▶ _Instructions to follow_
In the material below, the lines to reproduce exactly are the one containing "return result;" and all lines after it through the last.

==== Data for this exercise

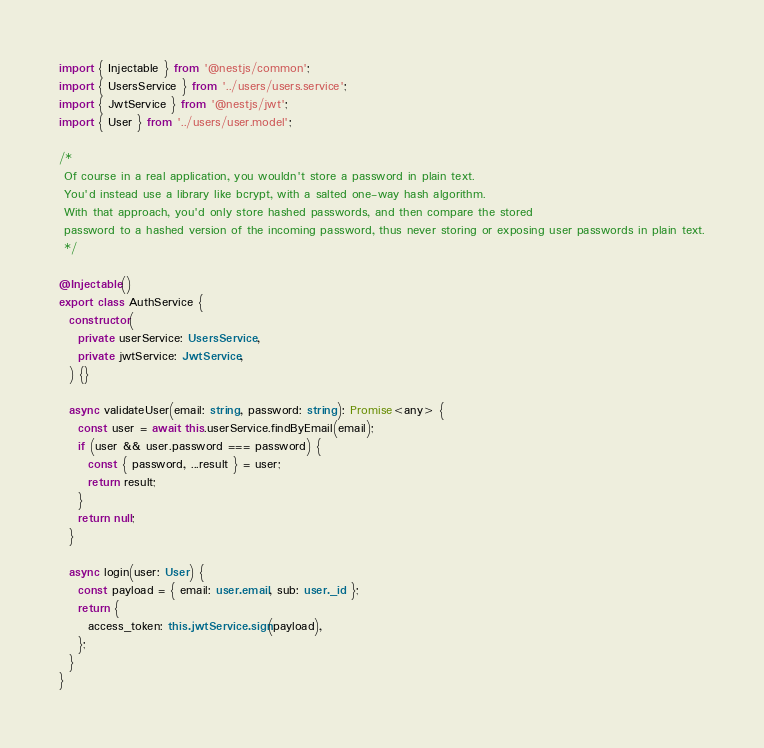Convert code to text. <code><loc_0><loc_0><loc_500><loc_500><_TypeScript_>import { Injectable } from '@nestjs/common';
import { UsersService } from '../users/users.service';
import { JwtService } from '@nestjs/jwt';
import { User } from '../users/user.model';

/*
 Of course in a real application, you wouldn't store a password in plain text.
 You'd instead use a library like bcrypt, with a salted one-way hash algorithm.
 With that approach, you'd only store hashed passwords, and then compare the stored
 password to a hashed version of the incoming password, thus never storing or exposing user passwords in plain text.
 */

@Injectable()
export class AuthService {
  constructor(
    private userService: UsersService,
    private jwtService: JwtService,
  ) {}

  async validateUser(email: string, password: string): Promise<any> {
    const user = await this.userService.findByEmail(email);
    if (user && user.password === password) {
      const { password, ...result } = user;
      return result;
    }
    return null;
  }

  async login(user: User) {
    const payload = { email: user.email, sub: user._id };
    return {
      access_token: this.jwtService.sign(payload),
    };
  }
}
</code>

========

▶ _Problem solution_
      return result;
    }
    return null;
  }

  async login(user: User) {
    const payload = { email: user.email, sub: user._id };
    return {
      access_token: this.jwtService.sign(payload),
    };
  }
}
</code>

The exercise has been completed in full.